El (mediocre) crecimiento económico de Sinaloa

No nos vayamos por las ramas, México no ofrecerá mejores oportunidades a sus jóvenes ni verá un cambio espectacular en la vida de sus ciudadanos si no comienza por lograr al menos dos cosas: un crecimiento económico verdaderamente notable y un sistema educativo de excelencia.

No es posible combatir la pobreza sin crecimiento económico. Y, sin embargo, sí, hay que reconocerlo, existe una infinidad de casos en que el crecimiento económico, si bien, en efecto, reduce la pobreza, por otro lado, puede generar también mayores desigualdades. Ese es un crecimiento excluyente y así ha ocurrido casi siempre, por ejemplo, en México. El crecimiento económico incluyente solo es posible mediante el mejoramiento de servicios públicos –como la educación y la salud de calidad– los cuales, a su vez, solo son financiables a través del cobro de impuestos, en especial a quienes más tienen en beneficio de los más desfavorecidos. En eso consiste la acción del Estado para reducir brechas y desigualdades. No obstante, de pobreza, desigualdad y educación hablaremos en otra oportunidad. En esta ocasión, abordaremos únicamente un –triste pero ineludible– prerrequisito del desarrollo en las sociedades modernas: el crecimiento económico.

Observo en mis estudiantes sus dudas sobre México, sus comparaciones con otras naciones, sus legítimos anhelos, sus preocupaciones por la falta de oportunidades en nuestro país, las diferencias abismales de los salarios (dentro y fuera de México), la calidad de vida, la vivienda, entre otras cosas. Si bien no es responsabilidad directa del gobierno generar la riqueza y el crecimiento económico, sí es su tarea crear los entornos que promuevan su florecimiento y que den a los jóvenes, en consecuencia, mayores posibilidades de salir adelante.
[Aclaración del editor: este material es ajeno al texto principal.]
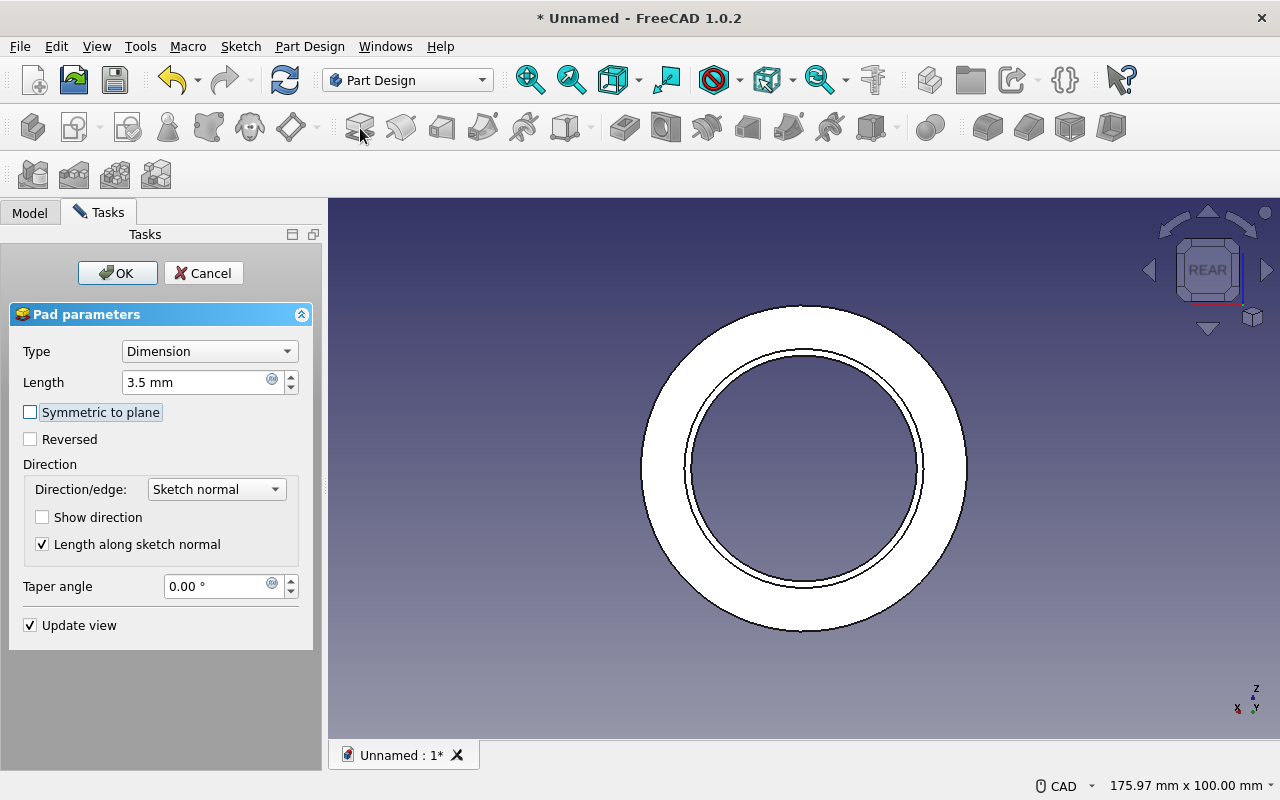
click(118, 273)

Basta con ver, por ejemplo, nuestras ciudades. El caso más emblemático de las inequidades de nuestro país es su capital: la Ciudad de México. Una ciudad rica y bellísima, pero únicamente en la medida en que es igualmente horrorosa. Sus desigualdades son más profundas e hirientes. Tan solo las calles de Mazatlán son el paraíso comparado con las calles de la capital mexicana, pero son una pesadilla comparadas con Durango. Ni qué decir de ciudades mucho más prósperas y cuidadas como Guanajuato o Querétaro. Estas palabras no son un desdén por la pobreza. Quien así lo crea no entiende que las calles, banquetas, museos, alumbrado, viviendas, bibliotecas, transporte público y jardines son espacios comunes en los que confluyen los ciudadanos. Deben atenderse y cuidarse en tanto que construyen ciudadanía. En México, hemos renunciado a los espacios comunes y –en un contexto de violencia e inseguridad– hemos optado por zonas residenciales amuralladas denominadas “cotos”. Exceptuando algunos rincones muy bonitos –con el Jardín Botánico más bello del país–, Culiacán es una ciudad fea. Mazatlán es más hermosa, pero si nos alejamos de las zonas turísticas se ven rápidamente las desigualdades.
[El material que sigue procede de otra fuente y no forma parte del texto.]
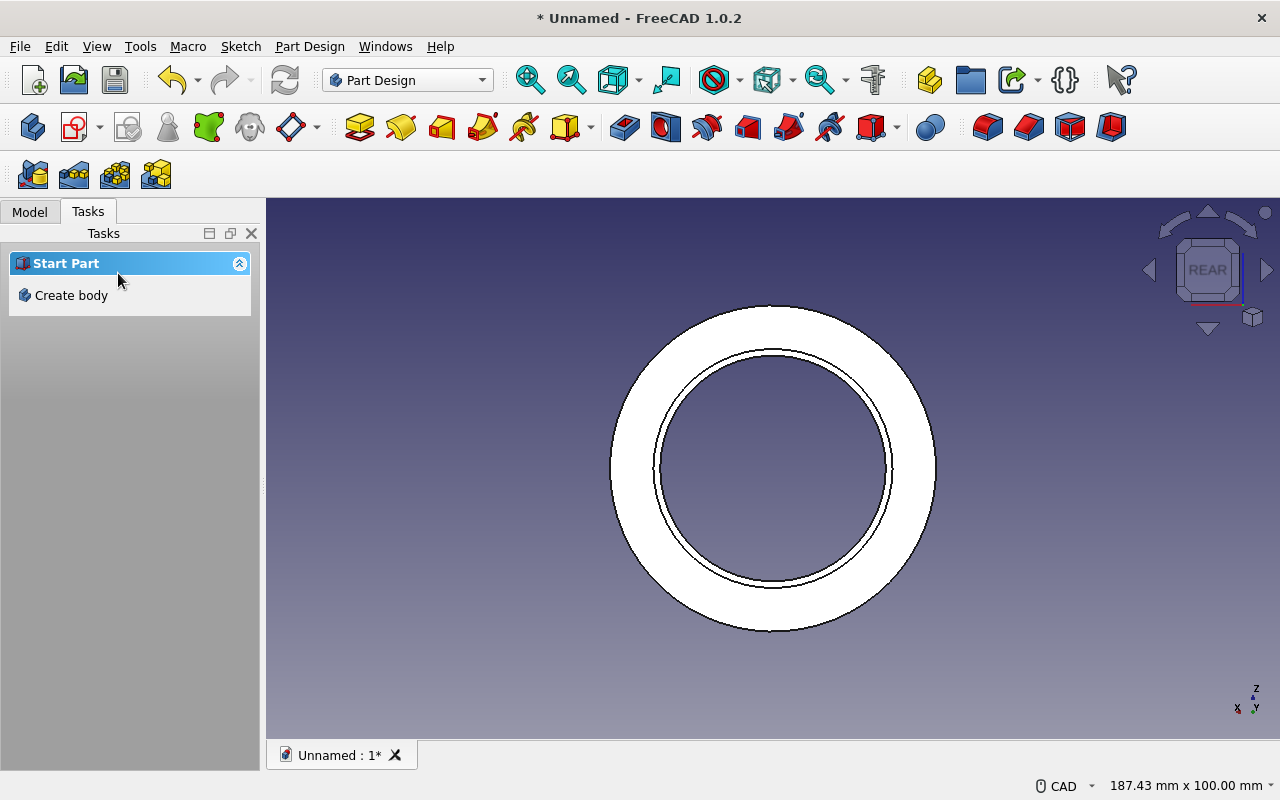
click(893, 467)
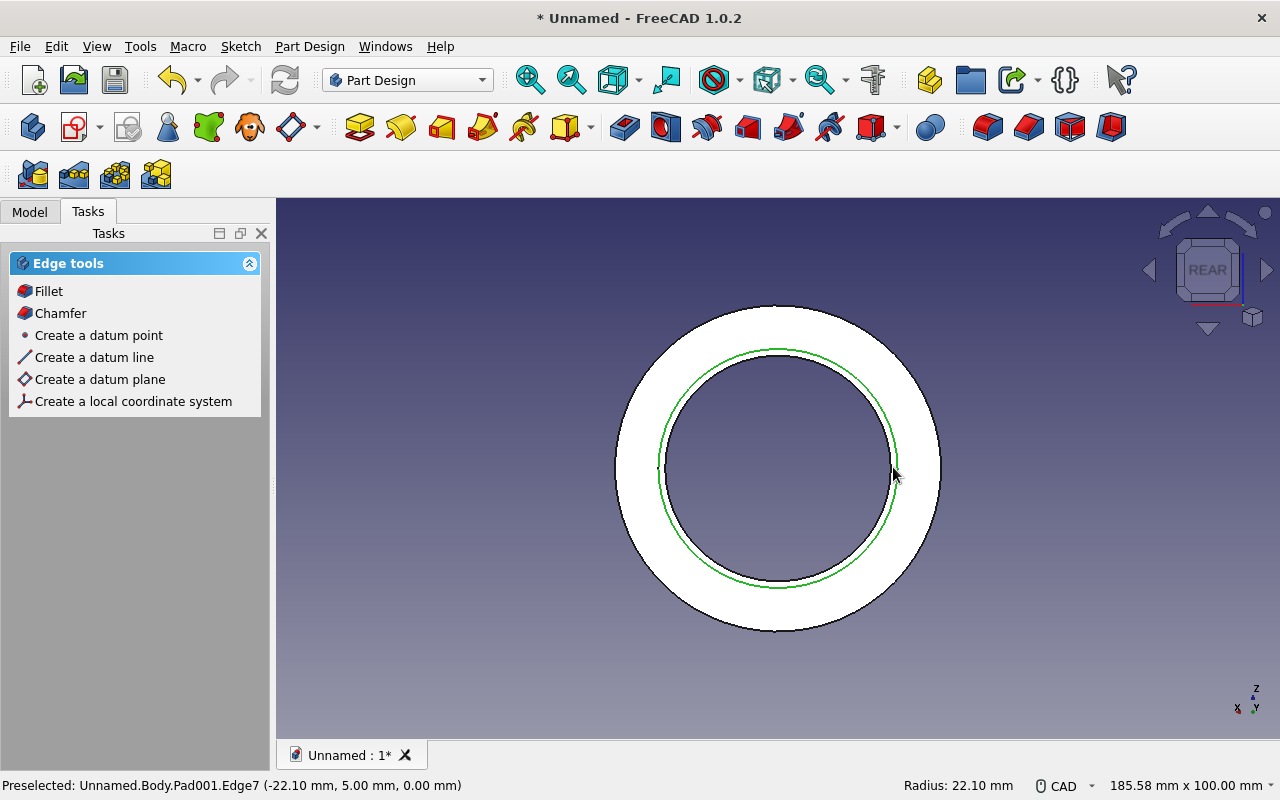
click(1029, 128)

Nuestras urbes son –para bien y para mal– un termómetro y un reflejo de la prosperidad, la actividad empresarial, los salarios y los servicios públicos. De acuerdo con el Programa de Naciones Unidas para el Desarrollo (PNUD) de la ONU, si la alcaldía Benito Juárez de la Ciudad de México fuese un país, por sí sola tendría un índice de desarrollo humano equiparable a Suiza. Y otra alcaldía, la Miguel Hidalgo, posee, por su parte, un índice de desarrollo humano comparable al de Reino Unido.

No hay modo, pues, de sustraernos de este mundo moderno y competitivo en el que ya nos encontramos. Los mexicanos –como dijo Octavio Paz alguna ocasión– somos contemporáneos de todos los hombres, ahora sí, agregaríamos, por primera vez, aunque con desgarradoras desigualdades.

Según datos del INEGI, desde 2004 hasta 2018, el Producto Interno Bruto (PIB) de México ha crecido a un ritmo promedio del 2.3% anual aproximadamente. He decidido excluir de este análisis los años 2019, 2020 y 2021 en la medida en que son particularmente un fracaso en términos económicos del actual gobierno federal y constituyen una excepción en la tendencia que aquí argumentaré.

Aquel crecimiento económico de 2004 al 2018 del 2.3% es una cifra sin duda mediocre del desdeñosamente denominado periodo “neoliberal” (que deberíamos llamar más bien simplemente periodo de la “transición democrática”). En el actual gobierno, un crecimiento promedio del 2.3% del sexenio sería ahora un anhelo, un gran éxito y no una mediocridad.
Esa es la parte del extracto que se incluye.